Existe una retórica cínica y masoquista que impera en una buena parte de la opinión pública en México. Una línea discursiva que borda en el autosabotaje y que está presente en todas las vertientes políticas e ideológicas de nuestro espacio público.
El complejo de inferioridad que nos hace voltear esa mirada burlona hacía el suelo cada vez que el país intenta dar un paso hacía el futuro.
La autoflagelación de desvalorar lo mexicano, de llamarlo peyorativamente “Región 4” o voltear obstinadamente hacia Estados Unidos y lamentarnos de no poder ser más como ellos.
Traducido al mundo de las Relaciones Internacionales nuestros complejos se han manifestado en una política exterior insustancial.

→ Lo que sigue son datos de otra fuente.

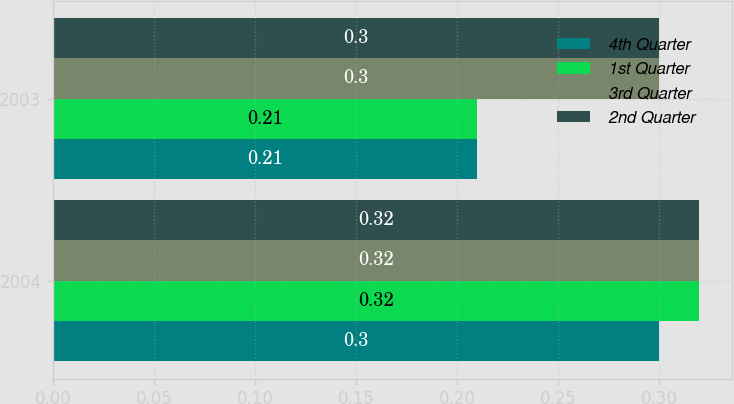<chart> <loc_0><loc_0><loc_500><loc_500><stacked_bar_chart><ecel><fcel>2004<fcel>2003<nl><fcel>4th Quarter<fcel>0.3<fcel>0.21<nl><fcel>1st Quarter<fcel>0.32<fcel>0.21<nl><fcel>3rd Quarter<fcel>0.32<fcel>0.3<nl><fcel>2nd Quarter<fcel>0.32<fcel>0.3<nl></chart> 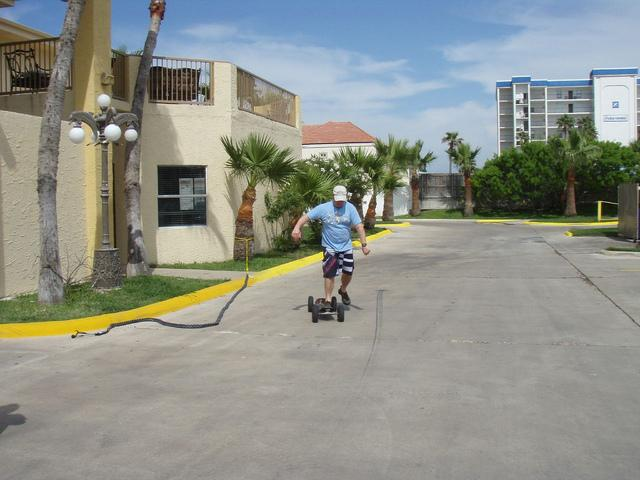What is unusual about the man's skateboard? wheels

Mientras que muchas sociedades muy parecidas a la nuestra celebran la incursión de sus países en el liderazgo internacional, nosotros nos mofamos y cuestionamos la validez internacional de nuestro país por sus problemas internos.
Durante décadas México práctico una diplomacia de ausencia. Fuimos una presencia internacional políticamente correcta pero intrascendente.
En los temas importantes del mundo México siempre estuvo al margen. Durante mucho tiempo está política hacía sentido.
Dada la dinámica polarizadora de la Guerra Fría, la política exterior mexicana fue coherente y responsable, pero ya hace mucho que el mundo cambió, se espera mucho más de los países emergentes y México parece estar llegando tarde a la cita.
No exagero al decir que el mundo espera que México asuma su liderazgo: por nuestro tamaño territorial, poblacional y económico México tendría que ser una potencia emergente.
Medida en términos de Paridad de Poder Adquisitivo, nuestra economía es la onceava del mundo y un estudio de HSBC estima que será la octava en 2050.
Aun así nos cuesta trabajo asumir nuestra posición.
“¿Con qué autoridad México puede asumirse líder?”, se cuestionan muchos: Con la misma autoridad que India, China, Brasil, Sudáfrica, etc…
Quizás la raíz de nuestra falta de aspiraciones sea histórica y geográfica. Histórica porque crecimos en un sistema que adula la derrota y la tragedia. Porque aprendimos que Tenochtitlán, a milímetros de la victoria, cayó estrepitosamente para nunca más volver, aprendimos que nos arrebataron Texas y la mitad del territorio nacional, que nuestra forma más asequible del triunfo fue envolverse en la bandera y tirarse al precipicio, una gran metáfora.
Y geográfica porque mientras que Brasil se compara con sus vecinos y se asume potencia nosotros insistimos en nuestras anteojeras que miran siempre al norte. Nos comparamos con la potencia más importante del mundo y nos sentimos ínfimos, que no merecemos la gloria.
Pero la realidad tiene matices. Ciertamente México tiene problemas graves que urgen resolver. En ese sentido comparte muchas características con países como India, China y Brasil. Pero también como ellos tenemos un territorio grande una población importante, tenemos una historia rica y una cultura poderosa e influyente.
En ese sentido la decisión de participar en las Operaciones para el Mantenimiento de la Paz de la ONU es más que oportuna. Si México va a transformar su proyección, tendrá que asumir mayores responsabilidades. En el mundo de hoy ya no se puede ser aquel testigo complaciente que durante muchos años fuimos.
La diplomacia mexicana del siglo XX dominada por la doctrina Estrada es insostenible en la nueva dinámica global. O nos ahogamos en nuestros problemas y nos saboteamos a nosotros mismos o asumimos una posición plausible, de acuerdo a nuestras posibilidades y expectativas. Esas posibilidades son mayores de las que muchas veces nos permitimos creer.
Esto no presupone olvidar los graves problemas internos, ni dejarse llevar por una visión populista del país como potencia mediana.
El crecimiento al exterior de México debe siempre reflejarse en un crecimiento interior y viceversa.
No obstante, México no necesita esperar al 2050 y sus predicciones de bonanza para comenzar a echar andar los motores. Hay que incidir en nuestro destino y para ello hay que tener voz en el mundo.
En política internacional es hora de dejar nuestros complejos de inferioridad a un lado, dejar el masoquismo y el gusto por el drama, hay que asumir responsabilidades regionales y globales; el mundo no se va a detener a esperarnos.